The drug lowers blood pressure (systolic) by 15-17 mm Hg. Art. And diastolic - by 10-12 mm Hg. Art. The heart rate decreases by 10-13 beats / min. The drug does not affect central venous pressure. Baralgin is widely used with a high therapeutic effect for some spastic conditions in surgical and urological practice.
In obstetric practice in recent years, baralgin also has become more widespread.

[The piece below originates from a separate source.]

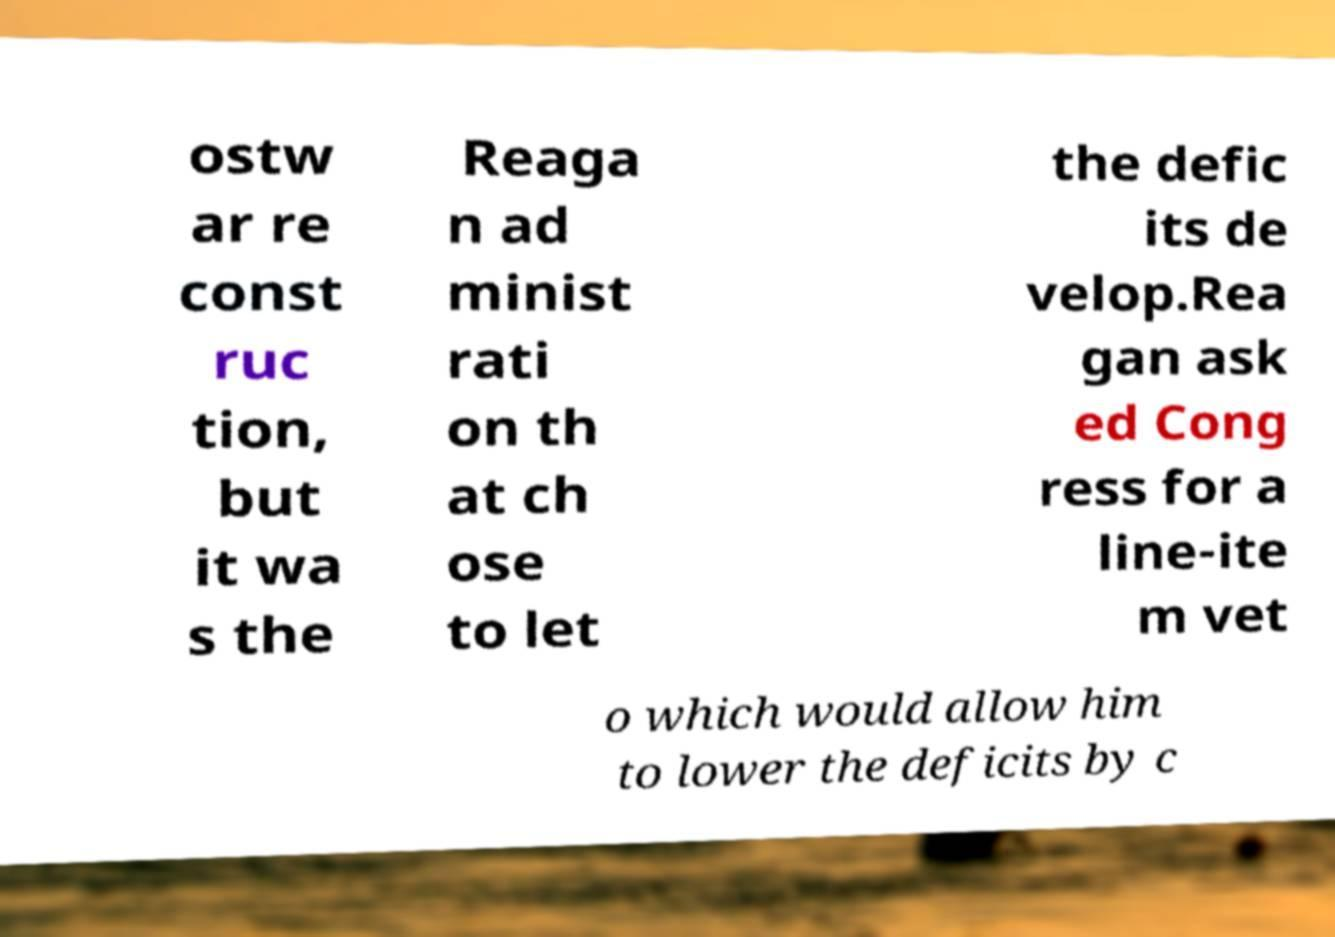Can you accurately transcribe the text from the provided image for me? ostw ar re const ruc tion, but it wa s the Reaga n ad minist rati on th at ch ose to let the defic its de velop.Rea gan ask ed Cong ress for a line-ite m vet o which would allow him to lower the deficits by c 
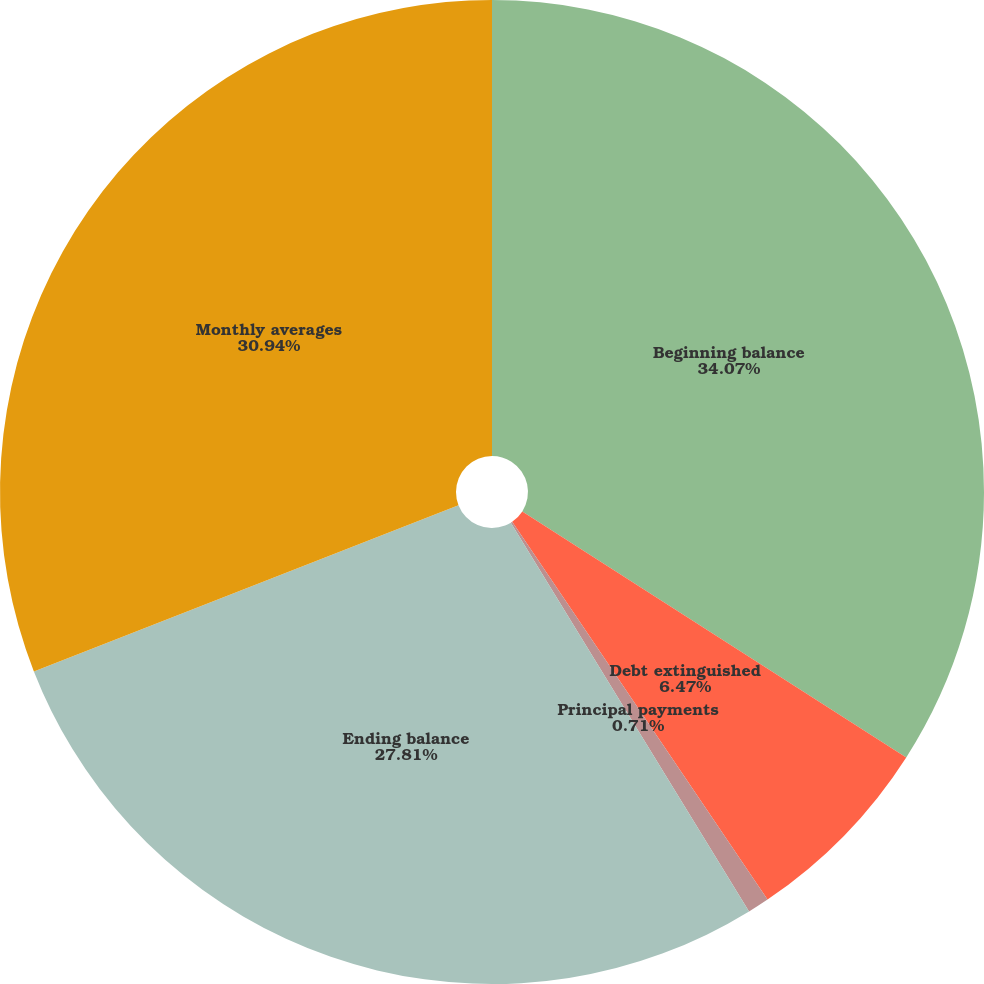Convert chart. <chart><loc_0><loc_0><loc_500><loc_500><pie_chart><fcel>Beginning balance<fcel>Debt extinguished<fcel>Principal payments<fcel>Ending balance<fcel>Monthly averages<nl><fcel>34.07%<fcel>6.47%<fcel>0.71%<fcel>27.81%<fcel>30.94%<nl></chart>

The main indications for the use of baralgina are the lack of biological readiness for childbirth, premature passage of amniotic fluid, coordinated labor. In the presence of a delayed pregnancy, pelvic presentation of the fetus, as well as preparation for childbirth, the authors recommend using baralgin in the form of tablets or suppositories 3-4 times a day with a duration of treatment from 3 to 10 days. Timely and correct administration of baralgina allows one to achieve a two-fold reduction in the length of labor.
Methods of applying baralgina: intramuscularly or intravenously, 5 ml are injected, repeated administration is recommended after 6-8 hours. With intravenous administration, the effect of baralgina begins immediately, with intramuscular injection, after 20-30 minutes. The daily dose - 20-40 drops 3-4 times a day, or 2-3 candles, or 1-2 tablets 3 times a day.